News & Events

Molecular Imaging Diseases with Colored and Dark Materials for Theranostic of Diseases

Update time:Nov 28, 2016

Speaker:Dr.Zhen Cheng,Stanford University

Sponsor:Prof.WANG Qiangbin

Time: 2:00p.m.Thursday,December 1st

Place:A718,SINANO

Abstract:A variety of molecular platforms including small molecules, peptides, aptamers and nanoparticles have been explored for molecular imaging of diseases. Melanin is a natural dark pigment that can be found in most organisms, and it has been extensively studied as a biomarker for melanotic melanoma.
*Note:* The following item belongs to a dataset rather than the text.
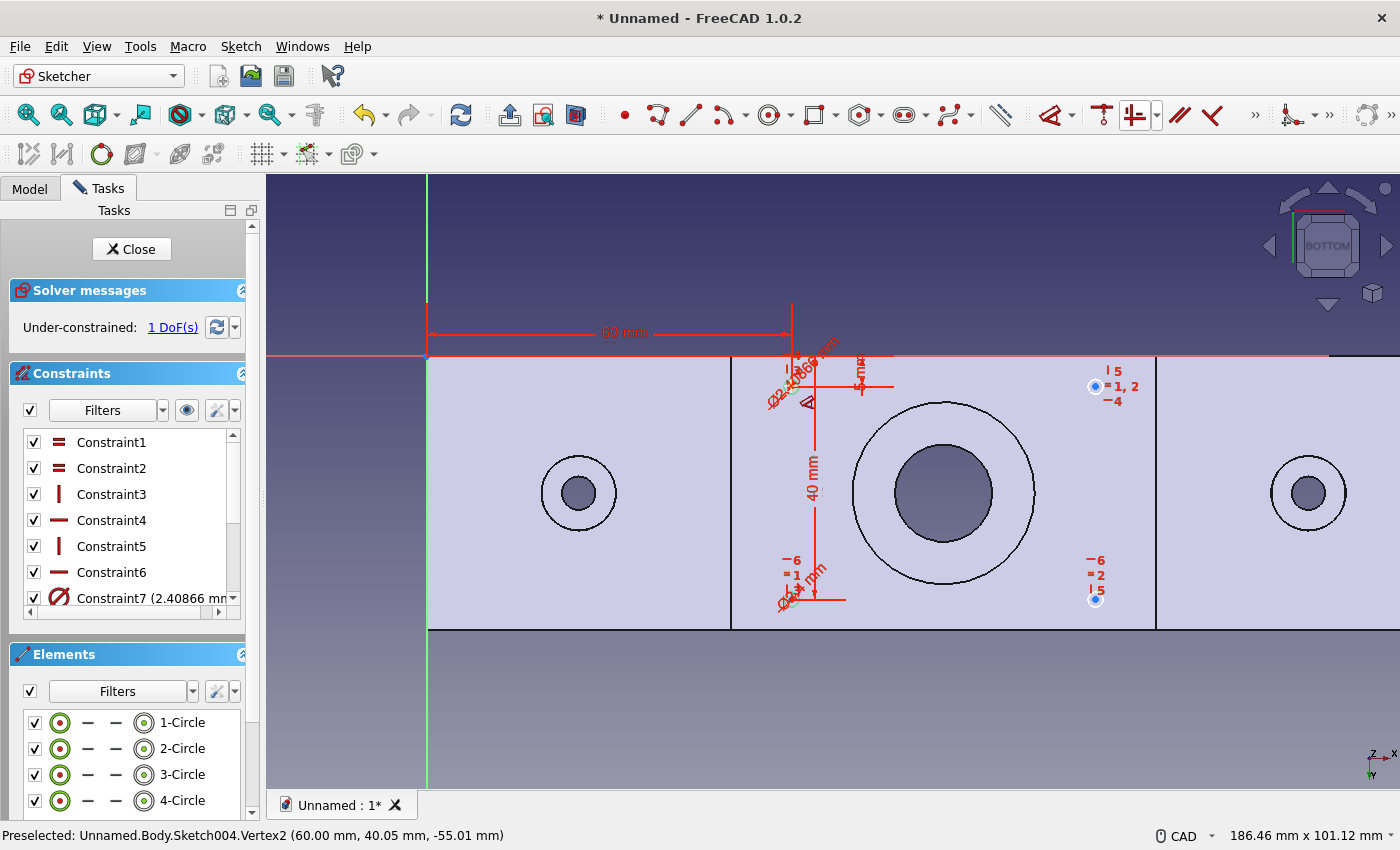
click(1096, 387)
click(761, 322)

Molecular probes that can bind to melanin or are involved in the melanin biosynthesis pathway have been pursued for melanin targeted imaging. Over the past decade, we have developed clinical translatable 18F, 99mTc labeled benzamide analogs for melanin targeted PET and SPECT imaging. Furthermore, because of its’ strong chelation ability of metal ions and light absorption property, melanin can serve as an excellent target for multimodality imaging of diseases including PET, MRI and photoacoustic imaging (PAI). Tyrosinase, the key enzyme regulating melanin production, was thus explored as a novel reporter gene for PET/MRI/PAI trimodality imaging. Importantly, melanin nanoparticles have also been developed and used as new nanoplatforms for multimodality imaging and theranostics. Lastly, besides melanin, several other colored and dark materials including inorganic tripod-gold nanoparticles, quantum dots, and perylene-3,4,9,10-tetracarboxylic diiimide-based near-infrared-absorptive organic nanoparticles, and NIR-II dyes have been studied as new multimodal nanoplatforms for biomedical applications.